**Exercise objective**
Nothing but the records, transcribed verbatim and stripped of images, should appear in the answer.

(Collection entries)

----------------------------------------

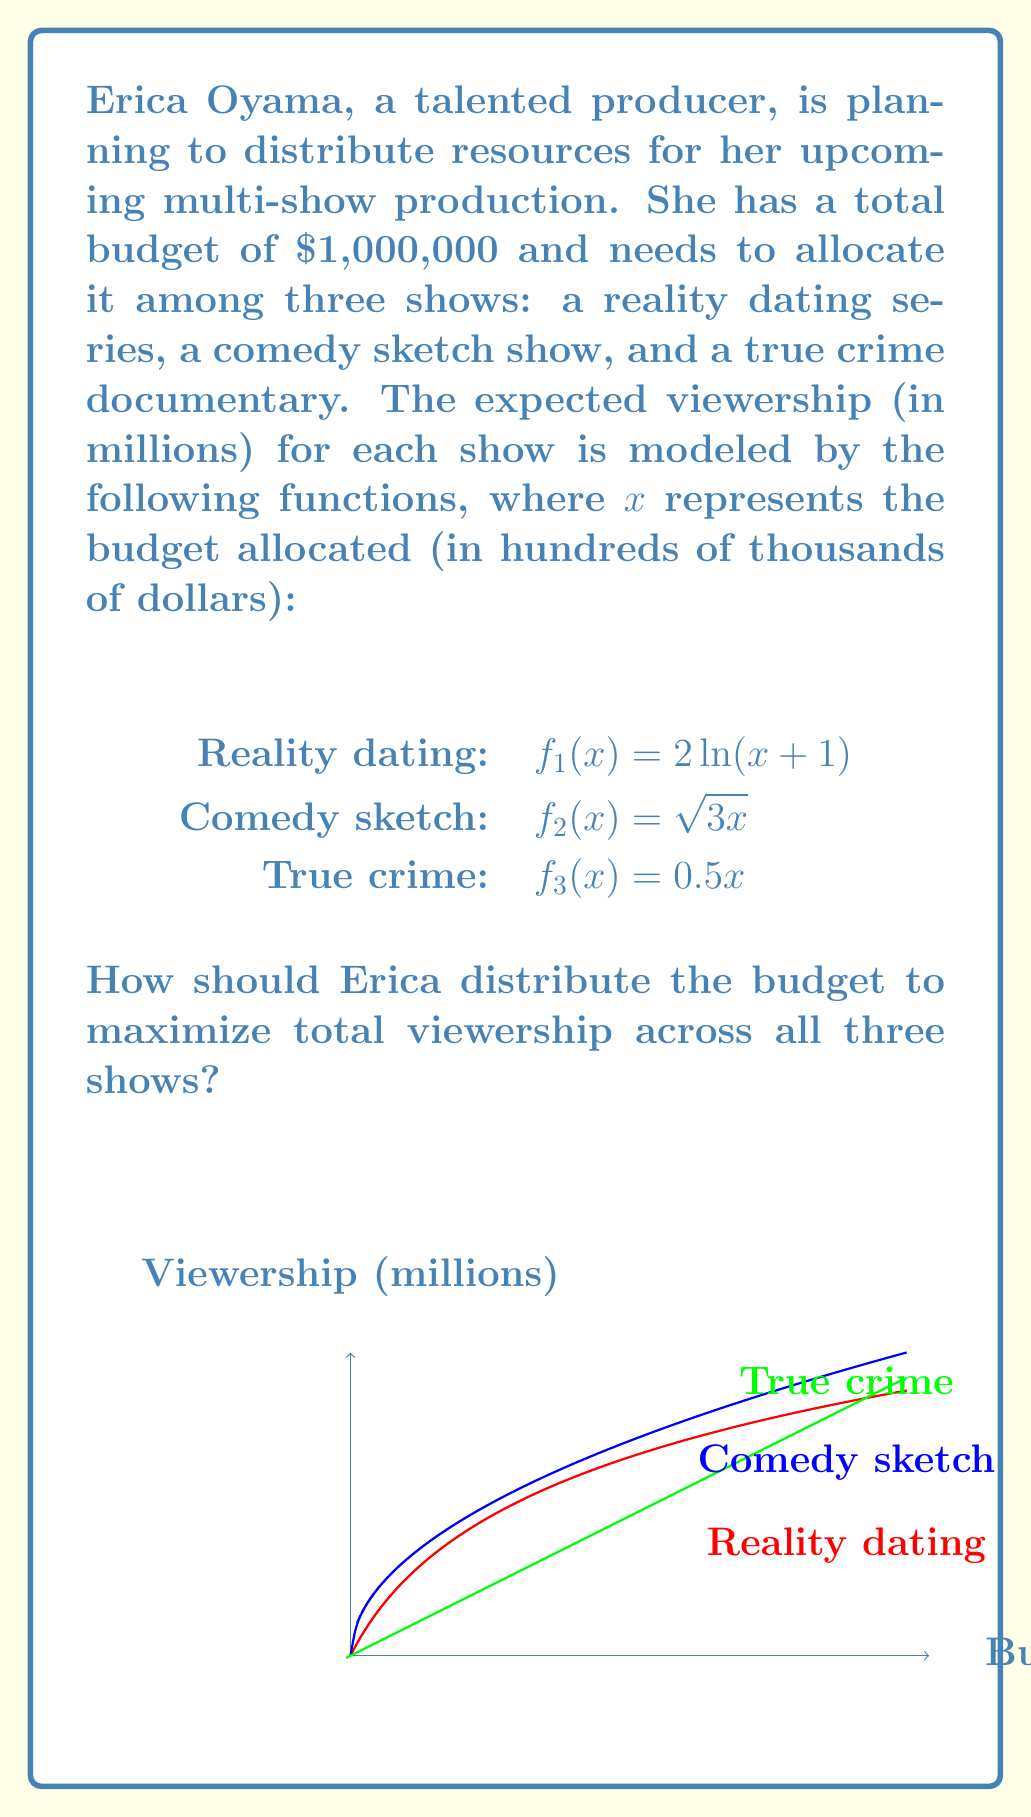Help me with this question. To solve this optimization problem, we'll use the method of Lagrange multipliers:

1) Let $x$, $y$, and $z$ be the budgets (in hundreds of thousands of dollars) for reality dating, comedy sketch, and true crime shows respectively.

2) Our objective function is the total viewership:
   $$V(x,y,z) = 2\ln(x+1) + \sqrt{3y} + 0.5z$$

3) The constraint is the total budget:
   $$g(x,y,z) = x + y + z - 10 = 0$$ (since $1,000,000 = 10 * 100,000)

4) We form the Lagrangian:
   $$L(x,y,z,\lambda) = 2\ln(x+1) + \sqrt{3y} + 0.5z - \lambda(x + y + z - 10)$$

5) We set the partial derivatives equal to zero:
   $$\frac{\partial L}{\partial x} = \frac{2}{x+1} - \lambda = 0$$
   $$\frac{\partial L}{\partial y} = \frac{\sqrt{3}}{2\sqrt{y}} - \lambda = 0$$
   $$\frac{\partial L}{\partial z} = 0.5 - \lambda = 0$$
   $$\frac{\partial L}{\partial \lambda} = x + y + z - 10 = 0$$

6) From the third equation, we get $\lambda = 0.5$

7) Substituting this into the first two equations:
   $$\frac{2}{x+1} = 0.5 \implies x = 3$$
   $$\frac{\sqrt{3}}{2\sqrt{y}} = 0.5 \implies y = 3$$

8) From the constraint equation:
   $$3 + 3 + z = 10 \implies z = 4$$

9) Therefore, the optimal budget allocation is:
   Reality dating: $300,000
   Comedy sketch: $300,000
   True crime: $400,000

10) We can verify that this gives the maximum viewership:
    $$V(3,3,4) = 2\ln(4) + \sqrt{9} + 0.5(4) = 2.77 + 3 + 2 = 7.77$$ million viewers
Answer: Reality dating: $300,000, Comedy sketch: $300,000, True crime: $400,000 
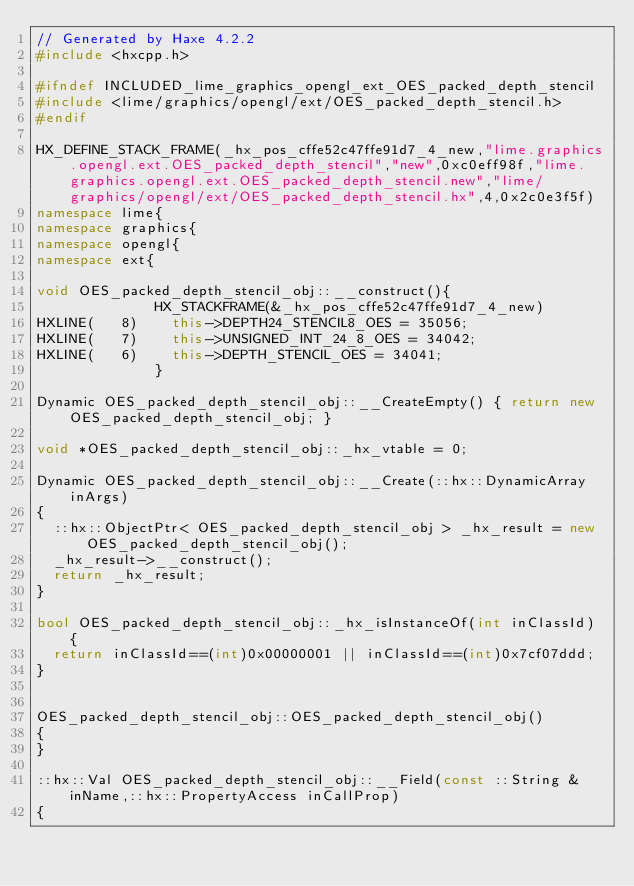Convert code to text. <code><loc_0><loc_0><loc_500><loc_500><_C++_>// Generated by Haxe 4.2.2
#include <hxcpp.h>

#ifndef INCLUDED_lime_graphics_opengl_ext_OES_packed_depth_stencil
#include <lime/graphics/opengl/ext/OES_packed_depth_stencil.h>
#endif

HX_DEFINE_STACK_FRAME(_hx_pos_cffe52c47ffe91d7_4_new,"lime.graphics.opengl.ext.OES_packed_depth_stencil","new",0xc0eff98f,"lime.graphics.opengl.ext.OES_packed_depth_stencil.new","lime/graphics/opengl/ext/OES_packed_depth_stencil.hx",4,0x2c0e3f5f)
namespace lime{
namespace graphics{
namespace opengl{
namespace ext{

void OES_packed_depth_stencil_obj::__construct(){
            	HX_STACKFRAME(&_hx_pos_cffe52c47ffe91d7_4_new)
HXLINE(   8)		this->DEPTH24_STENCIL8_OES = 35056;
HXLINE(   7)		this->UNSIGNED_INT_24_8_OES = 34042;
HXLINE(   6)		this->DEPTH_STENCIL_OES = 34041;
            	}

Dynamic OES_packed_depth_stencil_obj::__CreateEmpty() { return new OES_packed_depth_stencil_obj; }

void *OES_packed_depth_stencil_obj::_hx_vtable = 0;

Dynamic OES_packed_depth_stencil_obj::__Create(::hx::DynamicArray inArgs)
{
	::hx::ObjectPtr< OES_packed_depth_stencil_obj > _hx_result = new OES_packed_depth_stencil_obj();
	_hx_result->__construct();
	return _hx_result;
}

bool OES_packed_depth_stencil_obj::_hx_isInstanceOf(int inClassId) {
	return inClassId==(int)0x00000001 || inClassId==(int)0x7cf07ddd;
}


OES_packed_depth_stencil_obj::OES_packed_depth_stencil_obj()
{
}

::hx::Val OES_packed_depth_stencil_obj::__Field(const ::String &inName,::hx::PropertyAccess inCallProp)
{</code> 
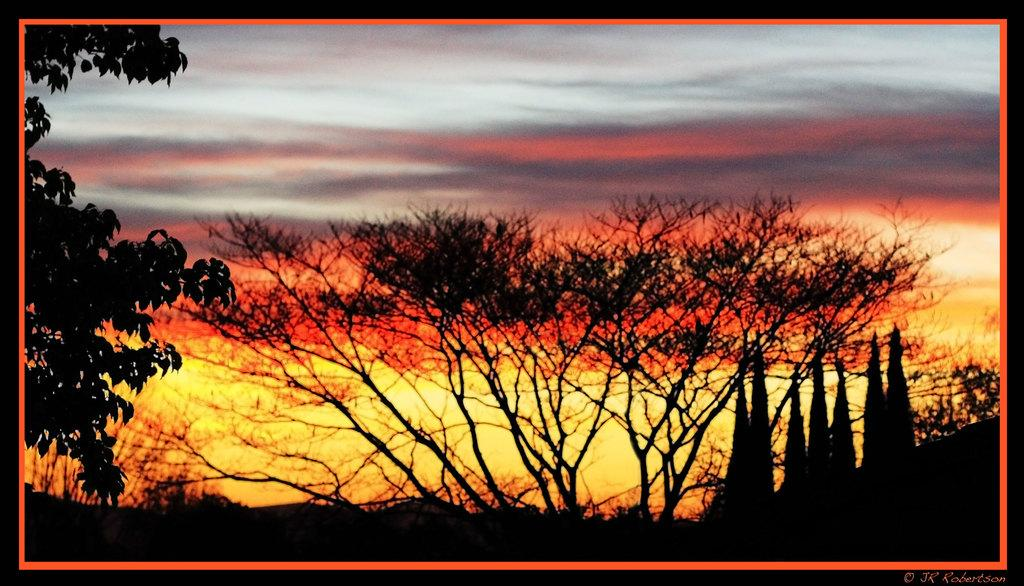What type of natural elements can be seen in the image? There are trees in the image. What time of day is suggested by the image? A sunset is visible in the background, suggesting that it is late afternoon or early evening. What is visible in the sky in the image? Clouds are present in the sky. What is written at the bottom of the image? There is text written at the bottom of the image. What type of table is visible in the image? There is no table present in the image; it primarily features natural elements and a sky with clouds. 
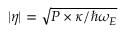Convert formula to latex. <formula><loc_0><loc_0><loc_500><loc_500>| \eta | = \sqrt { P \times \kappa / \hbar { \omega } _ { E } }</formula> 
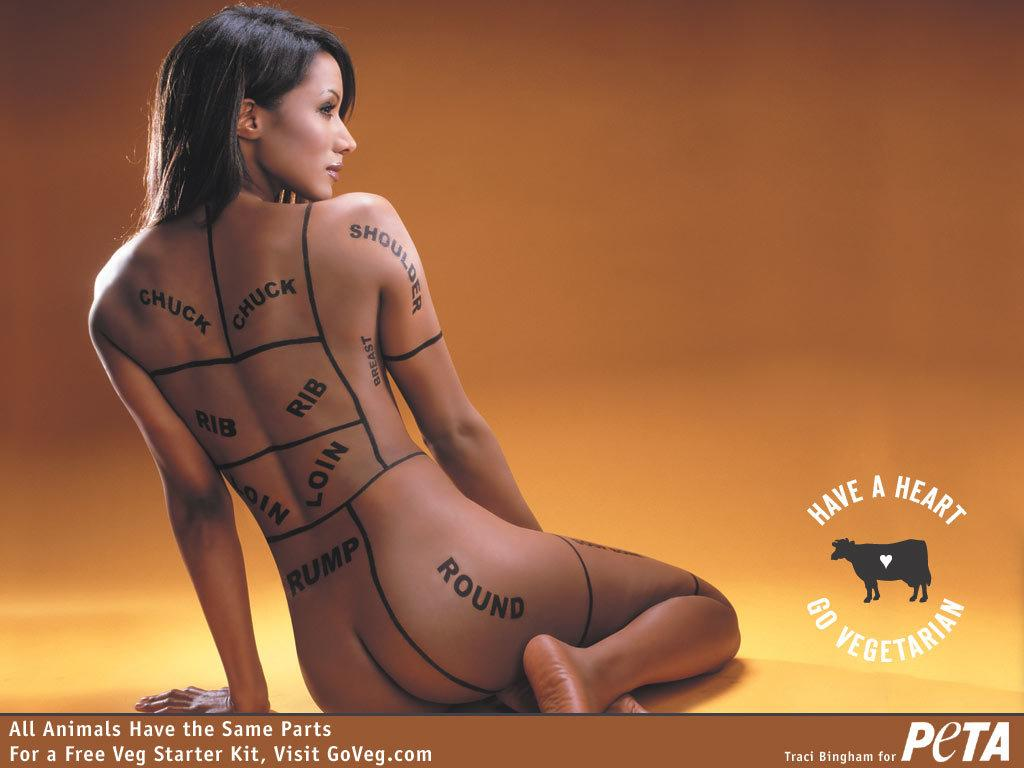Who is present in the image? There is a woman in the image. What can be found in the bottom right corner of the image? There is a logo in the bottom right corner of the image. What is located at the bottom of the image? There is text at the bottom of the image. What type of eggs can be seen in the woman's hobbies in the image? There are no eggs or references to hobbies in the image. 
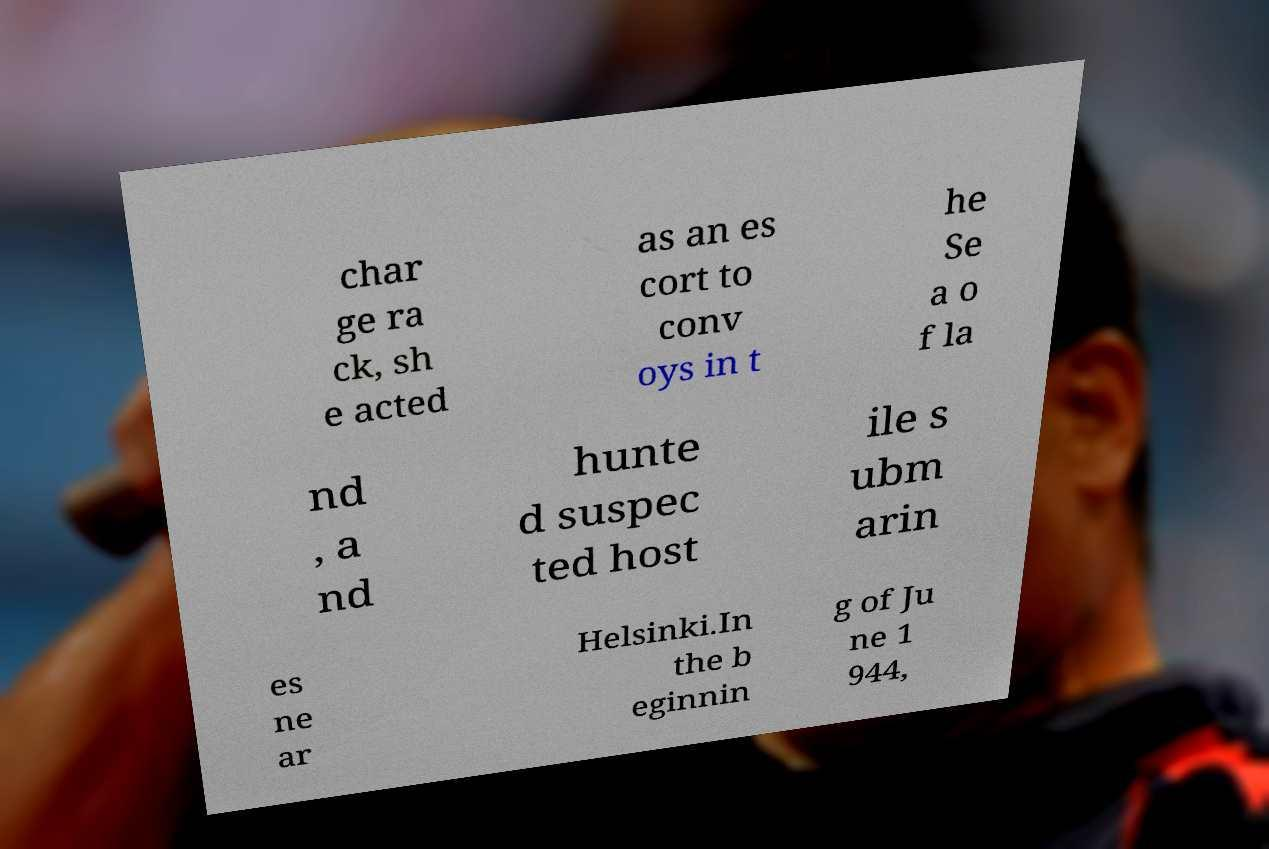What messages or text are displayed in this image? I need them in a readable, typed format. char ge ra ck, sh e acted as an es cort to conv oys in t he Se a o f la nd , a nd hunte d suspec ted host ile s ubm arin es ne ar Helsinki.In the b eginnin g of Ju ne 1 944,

----------------------------------------

**Your solution**
Help me with this question. To solve this optimization problem, we'll use the method of Lagrange multipliers:

1) Let $x$, $y$, and $z$ be the budgets (in hundreds of thousands of dollars) for reality dating, comedy sketch, and true crime shows respectively.

2) Our objective function is the total viewership:
   $$V(x,y,z) = 2\ln(x+1) + \sqrt{3y} + 0.5z$$

3) The constraint is the total budget:
   $$g(x,y,z) = x + y + z - 10 = 0$$ (since $1,000,000 = 10 * 100,000)

4) We form the Lagrangian:
   $$L(x,y,z,\lambda) = 2\ln(x+1) + \sqrt{3y} + 0.5z - \lambda(x + y + z - 10)$$

5) We set the partial derivatives equal to zero:
   $$\frac{\partial L}{\partial x} = \frac{2}{x+1} - \lambda = 0$$
   $$\frac{\partial L}{\partial y} = \frac{\sqrt{3}}{2\sqrt{y}} - \lambda = 0$$
   $$\frac{\partial L}{\partial z} = 0.5 - \lambda = 0$$
   $$\frac{\partial L}{\partial \lambda} = x + y + z - 10 = 0$$

6) From the third equation, we get $\lambda = 0.5$

7) Substituting this into the first two equations:
   $$\frac{2}{x+1} = 0.5 \implies x = 3$$
   $$\frac{\sqrt{3}}{2\sqrt{y}} = 0.5 \implies y = 3$$

8) From the constraint equation:
   $$3 + 3 + z = 10 \implies z = 4$$

9) Therefore, the optimal budget allocation is:
   Reality dating: $300,000
   Comedy sketch: $300,000
   True crime: $400,000

10) We can verify that this gives the maximum viewership:
    $$V(3,3,4) = 2\ln(4) + \sqrt{9} + 0.5(4) = 2.77 + 3 + 2 = 7.77$$ million viewers
Answer: Reality dating: $300,000, Comedy sketch: $300,000, True crime: $400,000 
Convert code to text. <code><loc_0><loc_0><loc_500><loc_500><_C++_>// Generated by Haxe 4.2.2
#include <hxcpp.h>

#ifndef INCLUDED_lime_graphics_opengl_ext_OES_packed_depth_stencil
#include <lime/graphics/opengl/ext/OES_packed_depth_stencil.h>
#endif

HX_DEFINE_STACK_FRAME(_hx_pos_cffe52c47ffe91d7_4_new,"lime.graphics.opengl.ext.OES_packed_depth_stencil","new",0xc0eff98f,"lime.graphics.opengl.ext.OES_packed_depth_stencil.new","lime/graphics/opengl/ext/OES_packed_depth_stencil.hx",4,0x2c0e3f5f)
namespace lime{
namespace graphics{
namespace opengl{
namespace ext{

void OES_packed_depth_stencil_obj::__construct(){
            	HX_STACKFRAME(&_hx_pos_cffe52c47ffe91d7_4_new)
HXLINE(   8)		this->DEPTH24_STENCIL8_OES = 35056;
HXLINE(   7)		this->UNSIGNED_INT_24_8_OES = 34042;
HXLINE(   6)		this->DEPTH_STENCIL_OES = 34041;
            	}

Dynamic OES_packed_depth_stencil_obj::__CreateEmpty() { return new OES_packed_depth_stencil_obj; }

void *OES_packed_depth_stencil_obj::_hx_vtable = 0;

Dynamic OES_packed_depth_stencil_obj::__Create(::hx::DynamicArray inArgs)
{
	::hx::ObjectPtr< OES_packed_depth_stencil_obj > _hx_result = new OES_packed_depth_stencil_obj();
	_hx_result->__construct();
	return _hx_result;
}

bool OES_packed_depth_stencil_obj::_hx_isInstanceOf(int inClassId) {
	return inClassId==(int)0x00000001 || inClassId==(int)0x7cf07ddd;
}


OES_packed_depth_stencil_obj::OES_packed_depth_stencil_obj()
{
}

::hx::Val OES_packed_depth_stencil_obj::__Field(const ::String &inName,::hx::PropertyAccess inCallProp)
{</code> 
What type of natural elements can be seen in the image? There are trees in the image. What time of day is suggested by the image? A sunset is visible in the background, suggesting that it is late afternoon or early evening. What is visible in the sky in the image? Clouds are present in the sky. What is written at the bottom of the image? There is text written at the bottom of the image. What type of table is visible in the image? There is no table present in the image; it primarily features natural elements and a sky with clouds. 
Convert formula to latex. <formula><loc_0><loc_0><loc_500><loc_500>| \eta | = \sqrt { P \times \kappa / \hbar { \omega } _ { E } }</formula> 
Who is present in the image? There is a woman in the image. What can be found in the bottom right corner of the image? There is a logo in the bottom right corner of the image. What is located at the bottom of the image? There is text at the bottom of the image. What type of eggs can be seen in the woman's hobbies in the image? There are no eggs or references to hobbies in the image. 
What messages or text are displayed in this image? I need them in a readable, typed format. char ge ra ck, sh e acted as an es cort to conv oys in t he Se a o f la nd , a nd hunte d suspec ted host ile s ubm arin es ne ar Helsinki.In the b eginnin g of Ju ne 1 944,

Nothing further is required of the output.